Alleviant Medical has announced that the US Food and Drug Administration (FDA) has granted the company a breakthrough device designation for its transcatheter technology. The technology offers a no-implant interatrial shunt therapy for patients suffering from heart failure with preserved (HFpEF) and mid-range ejection fraction (HFmrEF) who remain symptomatic despite optimal guideline directed medical therapy.
The Breakthrough Device programme creates a pathway for patients to have more timely access to innovative medical devices by expediting their development, assessment, and review while preserving the statutory standards for premarket approval. The Centers for Medicare and Medicaid Services (CMS) recently finalised a new coverage pathway for breakthrough devices, the Medicare Coverage of Innovative Technology (MCIT). The MCIT coverage policy facilitates patient access to breakthrough devices by providing up to four years of Medicare coverage beginning on the date that FDA clears or approves a breakthrough device.

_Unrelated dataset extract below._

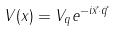Convert formula to latex. <formula><loc_0><loc_0><loc_500><loc_500>V ( x ) = V _ { q } e ^ { - i \vec { x } \cdot \vec { q } }</formula>

“Chronic heart failure affects more than 26 million patients globally and HFpEF patients in particular have limited treatment options,” said Adam L Berman, CEO of Alleviant Medical. “By utilising a no-implant interatrial shunt approach, the Alleviant Medical technology offers the option for a simple, minimally-invasive procedure for heart failure patients. We appreciate the rigorous review by the FDA and their designation of our technology as a breakthrough device. We look forward to the ongoing constructive collaboration as we continue to develop clinical evidence.”
Chief medical officer and co-founder Jacob Kriegel, commented: “Current pharmaceutical options for treating HFpEF/HFmrEF are limited, and patients stand to benefit from additional innovative device therapies. Our technology enables the creation of a therapeutic interatrial shunt, intended to offload elevated left atrial pressure in properly indicated HFpEF/HFmrEF patients, without the need for a permanent cardiac implant. We are currently developing robust clinical evidence through investigational use of this novel therapy and look forward to reporting outcomes from our initial patient series later this year.”